» WORK TASK: Would you please transcribe the data in full and exactly, excluding images?

» SUPPLIED RECORDS:
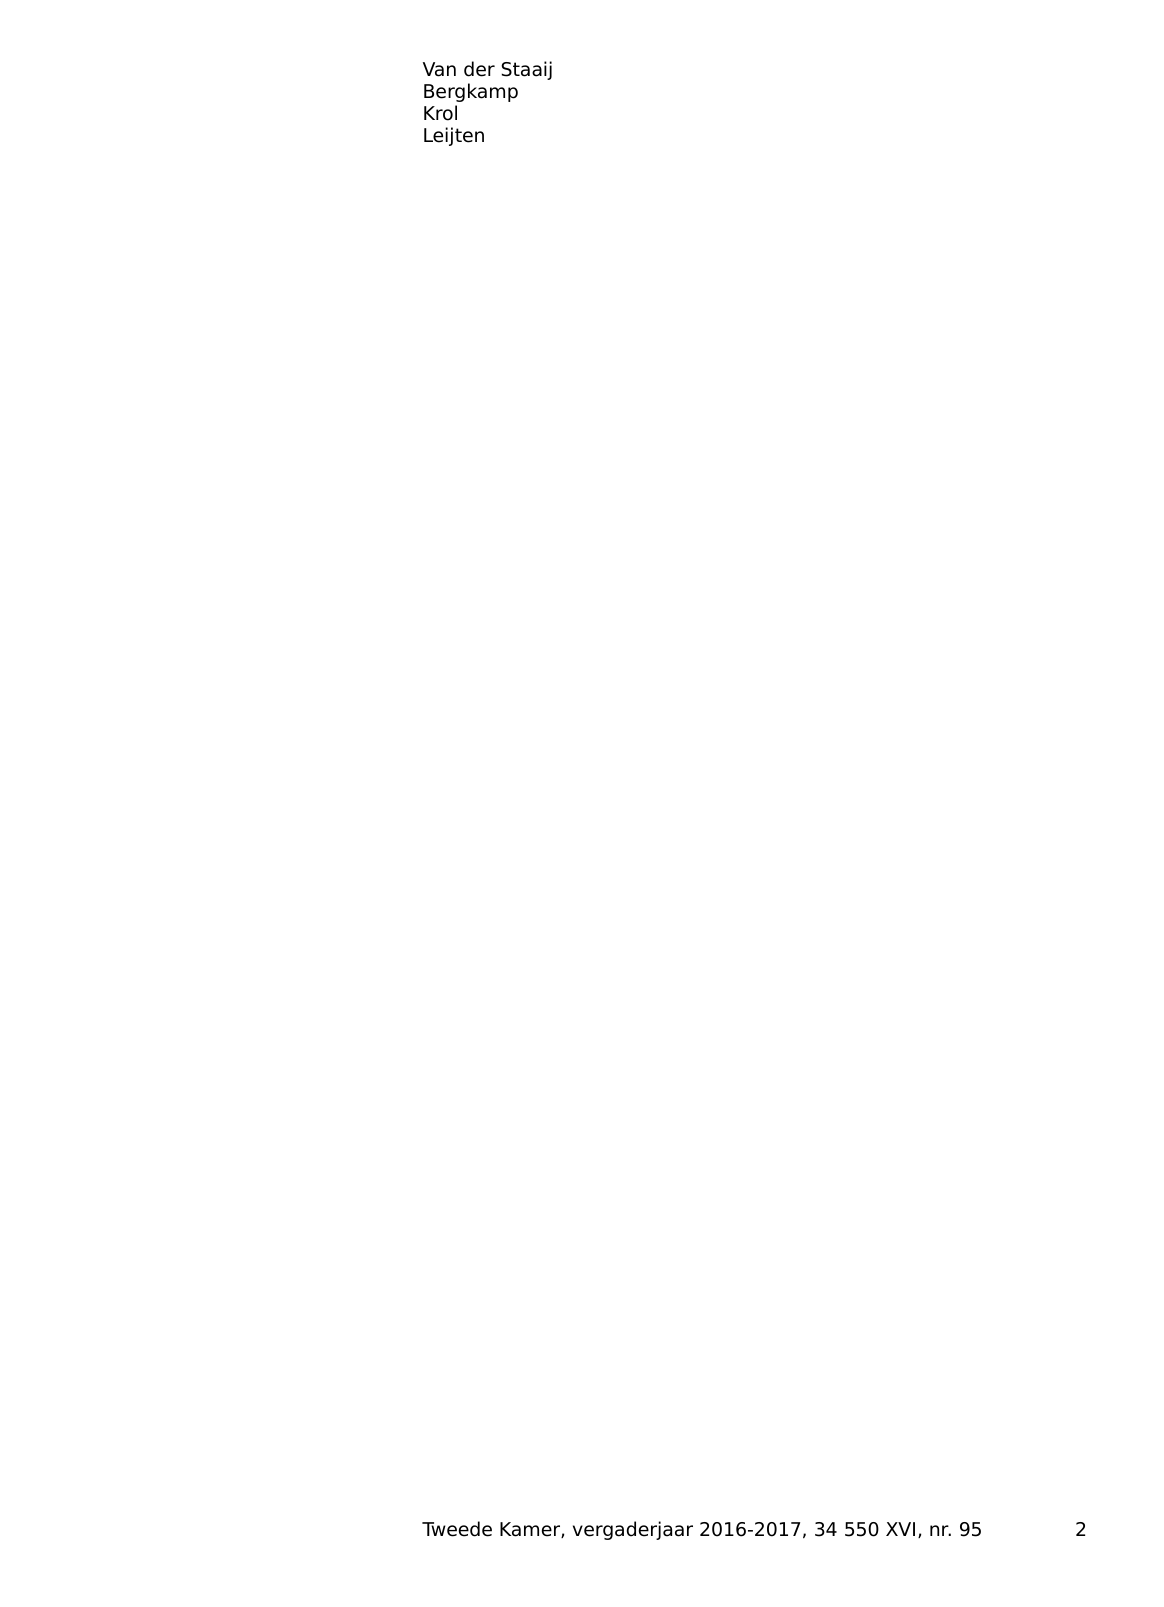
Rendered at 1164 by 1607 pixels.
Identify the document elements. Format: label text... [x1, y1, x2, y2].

text Leijten [422, 125, 1087, 147]
text Bergkamp [422, 81, 1087, 103]
text Krol [422, 103, 1087, 125]
text Van der Staaij [422, 59, 1087, 81]

» OUTPUT:
Rendered at 1164 by 1607 pixels.
Identify the document elements. Format: label text... [x1, y1, x2, y2].

text Leijten [422, 125, 1087, 147]
text Bergkamp [422, 81, 1087, 103]
text Krol [422, 103, 1087, 125]
text Van der Staaij [422, 59, 1087, 81]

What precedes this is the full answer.